§ **Task requirements**
Copy out exactly the lines from the one containing "Next, the advertising display (453,463,473,555)." to the end of the records below, both included, and nothing else.

§ **Source material**
┄┄┄┄┄┄┄┄┄┄┄┄┄┄┄┄┄┄┄┄

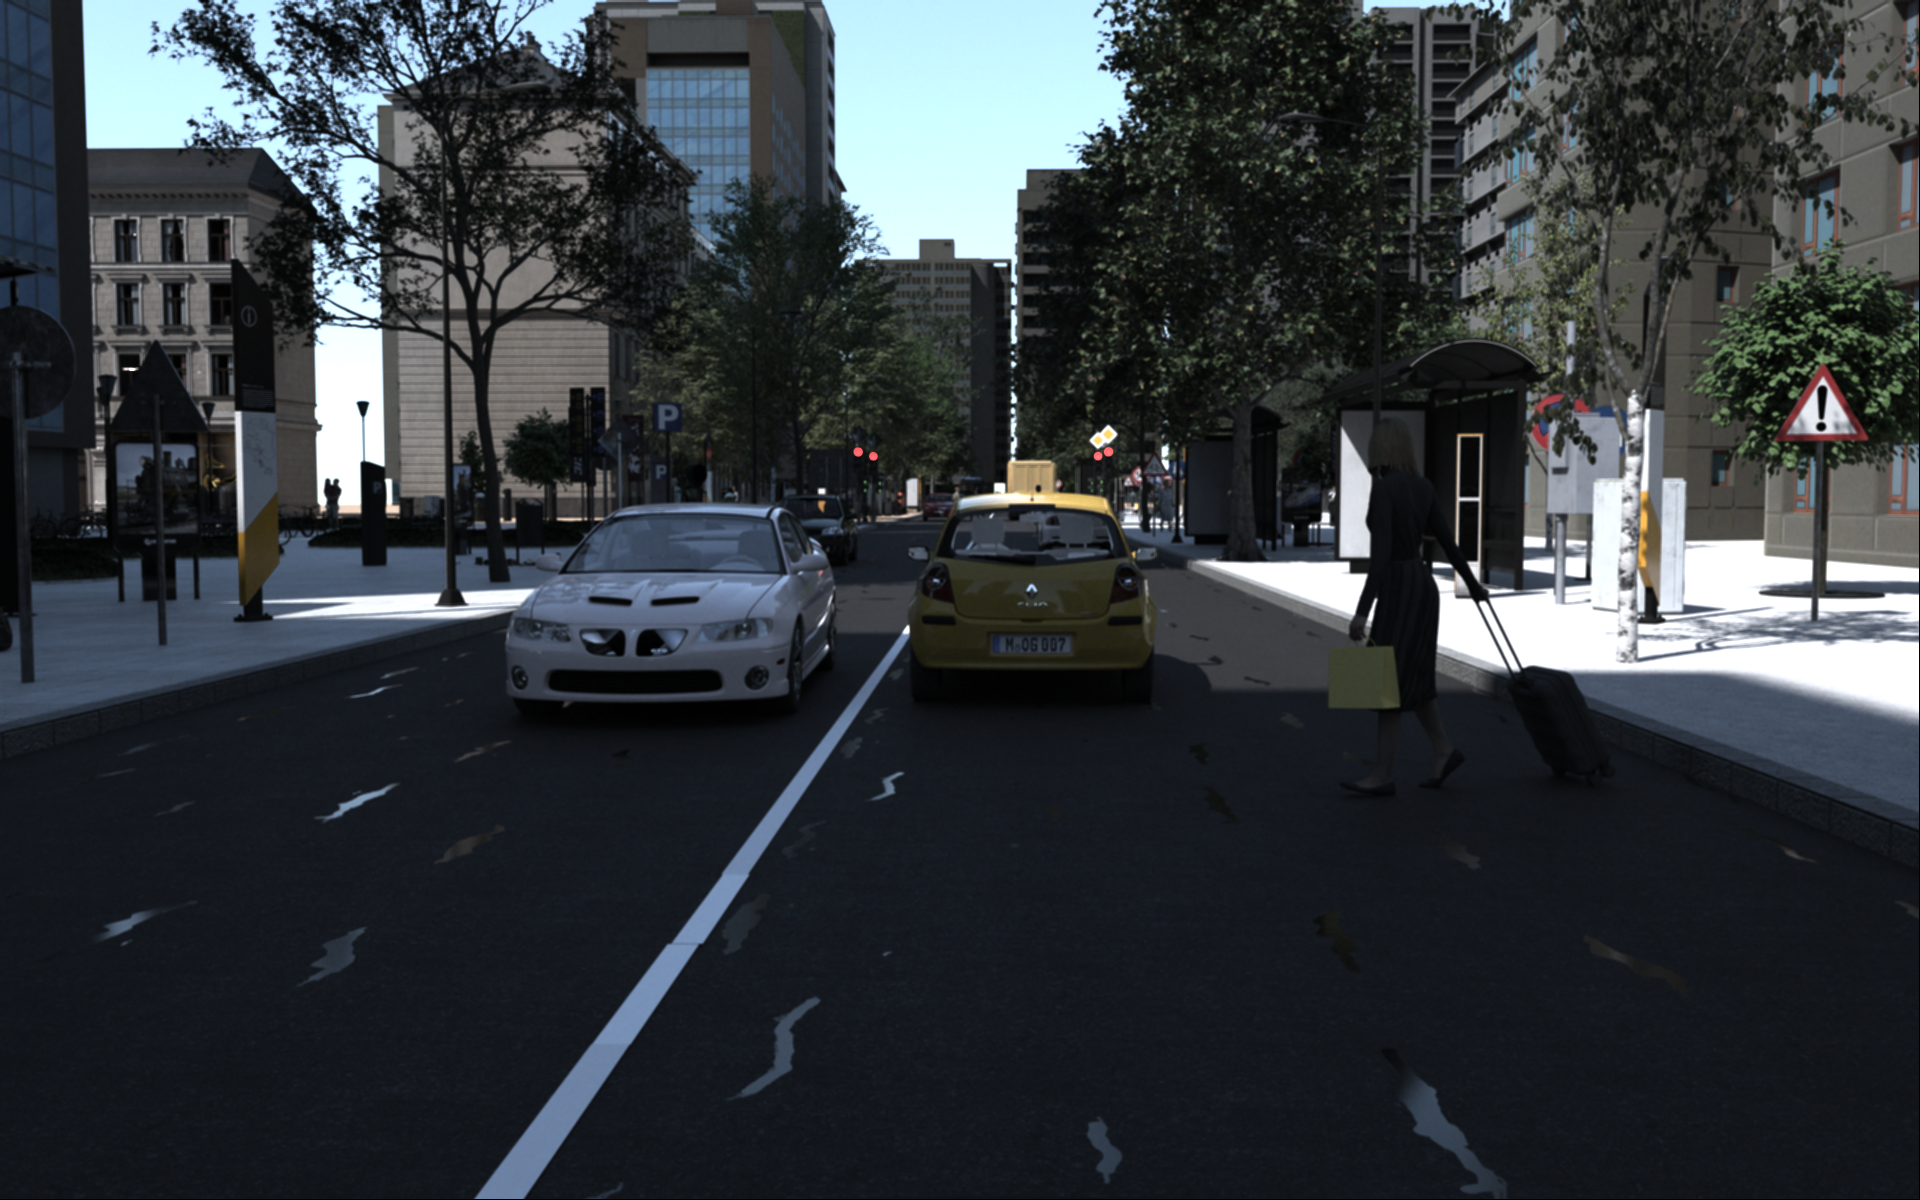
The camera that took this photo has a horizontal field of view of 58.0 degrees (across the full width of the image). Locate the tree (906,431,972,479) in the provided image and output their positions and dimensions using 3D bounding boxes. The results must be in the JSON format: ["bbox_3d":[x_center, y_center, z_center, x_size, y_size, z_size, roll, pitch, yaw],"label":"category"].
[{"bbox_3d":[-2.725,-14.704,174.824,8.767,10.594,7.601,-1,4,-10],"label":"tree"}]

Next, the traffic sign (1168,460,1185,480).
[{"bbox_3d":[8.072,-3.913,64.089,0.768,2.556,0.104,0,4,3],"label":"traffic sign"}]

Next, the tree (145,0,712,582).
[{"bbox_3d":[-7.073,-5.545,25.067,7.601,10.594,8.767,0,4,5],"label":"tree"}]

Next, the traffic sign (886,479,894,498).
[{"bbox_3d":[-5.955,-8.886,145.386,0.768,2.556,0.104,1,4,10],"label":"traffic sign"}]

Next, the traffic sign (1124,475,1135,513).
[{"bbox_3d":[11.461,-7.208,117.857,0.884,2.594,0.081,0,4,7],"label":"traffic sign"}]

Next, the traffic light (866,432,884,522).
[{"bbox_3d":[-3.871,-5.466,78.294,0.839,4.253,0.868,0,4,2],"label":"traffic light"}]

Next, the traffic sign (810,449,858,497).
[{"bbox_3d":[-5.704,-5.167,78.361,2.265,3.308,0.079,1,4,10],"label":"traffic sign"}]

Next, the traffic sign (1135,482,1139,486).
[{"bbox_3d":[11.432,-6.703,109.696,0.768,2.556,0.104,0,4,3],"label":"traffic sign"}]

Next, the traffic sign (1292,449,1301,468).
[{"bbox_3d":[9.324,-2.845,46.628,0.768,2.556,0.104,1,4,9],"label":"traffic sign"}]

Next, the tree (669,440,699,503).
[{"bbox_3d":[-10.028,-4.105,61.723,1.663,3.219,1.824,0,3,0],"label":"tree"}]

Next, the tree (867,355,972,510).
[{"bbox_3d":[-2.869,-13.541,138.399,9.611,12.733,9.660,0,3,0],"label":"tree"}]

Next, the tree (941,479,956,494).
[{"bbox_3d":[-1.116,-12.724,202.639,1.663,3.219,1.824,0,3,0],"label":"tree"}]

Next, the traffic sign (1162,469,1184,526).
[{"bbox_3d":[8.236,-4.099,67.024,0.884,2.594,0.081,0,4,4],"label":"traffic sign"}]

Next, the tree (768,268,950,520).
[{"bbox_3d":[-5.169,-10.291,86.380,7.486,12.596,7.792,0,3,0],"label":"tree"}]

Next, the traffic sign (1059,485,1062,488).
[{"bbox_3d":[8.605,-9.332,152.684,0.768,2.556,0.104,0,4,6],"label":"traffic sign"}]

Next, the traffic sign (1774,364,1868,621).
[{"bbox_3d":[8.623,-1.064,17.403,0.884,2.594,0.081,1,4,9],"label":"traffic sign"}]

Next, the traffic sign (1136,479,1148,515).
[{"bbox_3d":[11.097,-6.468,105.855,0.768,2.556,0.104,0,4,3],"label":"traffic sign"}]

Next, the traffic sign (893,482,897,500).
[{"bbox_3d":[-5.527,-9.016,147.511,0.768,2.556,0.104,0,4,6],"label":"traffic sign"}]

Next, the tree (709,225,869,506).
[{"bbox_3d":[-5.149,-6.002,48.497,4.737,8.622,4.395,0,3,0],"label":"tree"}]

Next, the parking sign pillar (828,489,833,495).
[{"bbox_3d":[-7.129,-6.643,97.090,1.447,3.967,1.447,2,4,30],"label":"parking sign pillar"}]

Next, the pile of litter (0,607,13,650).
[{"bbox_3d":[-8.344,0.012,13.764,1.176,0.858,1.719,2,4,29],"label":"pile of litter"}]

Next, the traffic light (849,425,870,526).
[{"bbox_3d":[-4.089,-4.978,70.312,0.839,4.253,0.868,0,4,2],"label":"traffic light"}]

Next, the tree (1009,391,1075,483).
[{"bbox_3d":[10.089,-17.496,192.712,9.857,13.997,8.962,0,3,0],"label":"tree"}]

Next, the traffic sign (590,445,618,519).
[{"bbox_3d":[-7.719,-2.299,37.698,0.768,2.556,0.104,1,4,10],"label":"traffic sign"}]

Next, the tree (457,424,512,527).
[{"bbox_3d":[-13.523,-3.258,47.865,1.663,3.219,1.824,0,3,0],"label":"tree"}]

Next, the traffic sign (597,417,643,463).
[{"bbox_3d":[-5.820,-1.827,29.608,0.795,2.593,0.064,0,4,6],"label":"traffic sign"}]

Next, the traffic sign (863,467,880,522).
[{"bbox_3d":[-4.102,-4.893,80.108,0.768,2.556,0.104,1,4,11],"label":"traffic sign"}]

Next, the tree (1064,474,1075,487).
[{"bbox_3d":[9.478,-9.254,145.906,1.663,3.219,1.824,0,3,0],"label":"tree"}]

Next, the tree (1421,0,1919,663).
[{"bbox_3d":[5.306,-3.835,13.071,4.360,8.622,3.978,0,3,0],"label":"tree"}]

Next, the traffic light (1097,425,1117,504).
[{"bbox_3d":[5.969,-4.962,70.055,0.839,4.253,0.868,0,4,2],"label":"traffic light"}]

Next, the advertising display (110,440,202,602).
[{"bbox_3d":[-9.660,-0.956,20.843,0.974,1.923,0.123,-3,4,-38],"label":"advertising display"}]

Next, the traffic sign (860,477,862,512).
[{"bbox_3d":[-7.238,-7.756,126.918,0.768,2.556,0.104,1,4,9],"label":"traffic sign"}]

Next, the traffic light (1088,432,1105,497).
[{"bbox_3d":[6.187,-5.451,78.037,0.839,4.253,0.868,0,4,2],"label":"traffic light"}]

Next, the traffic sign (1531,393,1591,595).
[{"bbox_3d":[7.563,-1.330,21.859,0.768,2.556,0.104,0,4,8],"label":"traffic sign"}]

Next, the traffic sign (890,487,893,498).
[{"bbox_3d":[-6.060,-9.248,151.316,0.768,2.556,0.104,0,4,6],"label":"traffic sign"}]

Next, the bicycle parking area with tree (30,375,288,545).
[{"bbox_3d":[-21.524,-3.494,44.126,9.016,4.147,8.231,-1,4,-13],"label":"bicycle parking area with tree"}]

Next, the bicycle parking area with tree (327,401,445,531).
[{"bbox_3d":[-20.878,-4.097,53.989,8.231,4.147,9.016,1,4,22],"label":"bicycle parking area with tree"}]

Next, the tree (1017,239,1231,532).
[{"bbox_3d":[5.912,-7.542,57.731,7.601,10.594,8.767,0,4,6],"label":"tree"}]

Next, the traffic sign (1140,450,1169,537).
[{"bbox_3d":[5.780,-3.150,51.510,0.884,2.594,0.081,0,4,6],"label":"traffic sign"}]

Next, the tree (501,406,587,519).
[{"bbox_3d":[-15.484,-4.956,64.738,4.285,4.588,4.351,0,3,0],"label":"tree"}]

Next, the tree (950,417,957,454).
[{"bbox_3d":[-4.246,-12.338,119.847,7.486,12.596,7.792,0,3,0],"label":"tree"}]

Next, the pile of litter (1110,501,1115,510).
[{"bbox_3d":[9.769,-5.893,110.312,1.719,0.858,1.176,3,4,37],"label":"pile of litter"}]

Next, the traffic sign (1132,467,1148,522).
[{"bbox_3d":[8.381,-4.922,80.587,0.768,2.556,0.104,1,4,11],"label":"traffic sign"}]

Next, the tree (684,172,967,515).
[{"bbox_3d":[-5.375,-8.012,56.749,9.928,11.665,9.643,0,3,0],"label":"tree"}]

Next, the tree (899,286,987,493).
[{"bbox_3d":[-3.595,-18.627,160.446,12.611,20.169,13.585,0,3,0],"label":"tree"}]

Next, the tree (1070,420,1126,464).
[{"bbox_3d":[8.789,-9.956,113.137,4.737,8.622,4.395,0,3,0],"label":"tree"}]

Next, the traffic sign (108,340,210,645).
[{"bbox_3d":[-6.775,-0.895,14.645,0.884,2.594,0.081,0,4,5],"label":"traffic sign"}]

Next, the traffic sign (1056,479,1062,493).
[{"bbox_3d":[8.100,-8.824,144.383,0.768,2.556,0.104,0,4,6],"label":"traffic sign"}]

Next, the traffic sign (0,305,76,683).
[{"bbox_3d":[-6.354,-0.711,11.729,0.768,2.556,0.104,0,4,3],"label":"traffic sign"}]

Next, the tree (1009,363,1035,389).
[{"bbox_3d":[12.589,-21.591,208.894,12.611,20.169,13.585,0,3,0],"label":"tree"}]

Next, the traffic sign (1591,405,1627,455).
[{"bbox_3d":[9.317,-1.524,25.024,0.768,2.556,0.104,0,4,8],"label":"traffic sign"}]

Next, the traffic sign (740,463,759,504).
[{"bbox_3d":[-8.381,-4.205,68.853,0.768,2.556,0.104,0,4,4],"label":"traffic sign"}]

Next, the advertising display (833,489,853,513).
[{"bbox_3d":[-5.352,-4.539,79.421,0.974,1.923,0.123,-2,4,-30],"label":"advertising display"}]

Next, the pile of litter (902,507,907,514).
[{"bbox_3d":[-4.134,-6.064,113.108,1.719,0.858,1.176,-3,5,-42],"label":"pile of litter"}]

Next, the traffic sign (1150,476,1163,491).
[{"bbox_3d":[11.613,-6.262,102.482,0.768,2.556,0.104,1,4,11],"label":"traffic sign"}]

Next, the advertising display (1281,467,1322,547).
[{"bbox_3d":[8.296,-2.255,42.076,0.974,1.923,0.123,0,4,8],"label":"advertising display"}]

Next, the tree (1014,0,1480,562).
[{"bbox_3d":[5.318,-7.097,33.039,9.611,12.733,9.660,0,3,0],"label":"tree"}]

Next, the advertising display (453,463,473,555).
[{"bbox_3d":[-10.514,-1.911,36.456,0.123,1.923,0.974,0,4,8],"label":"advertising display"}]

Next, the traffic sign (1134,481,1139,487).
[{"bbox_3d":[12.371,-7.282,119.172,0.768,2.556,0.104,0,4,3],"label":"traffic sign"}]

┄┄┄┄┄┄┄┄┄┄┄┄┄┄┄┄┄┄┄┄

§ **Response to this exercise**
Next, the advertising display (453,463,473,555).
[{"bbox_3d":[-10.514,-1.911,36.456,0.123,1.923,0.974,0,4,8],"label":"advertising display"}]

Next, the traffic sign (1134,481,1139,487).
[{"bbox_3d":[12.371,-7.282,119.172,0.768,2.556,0.104,0,4,3],"label":"traffic sign"}]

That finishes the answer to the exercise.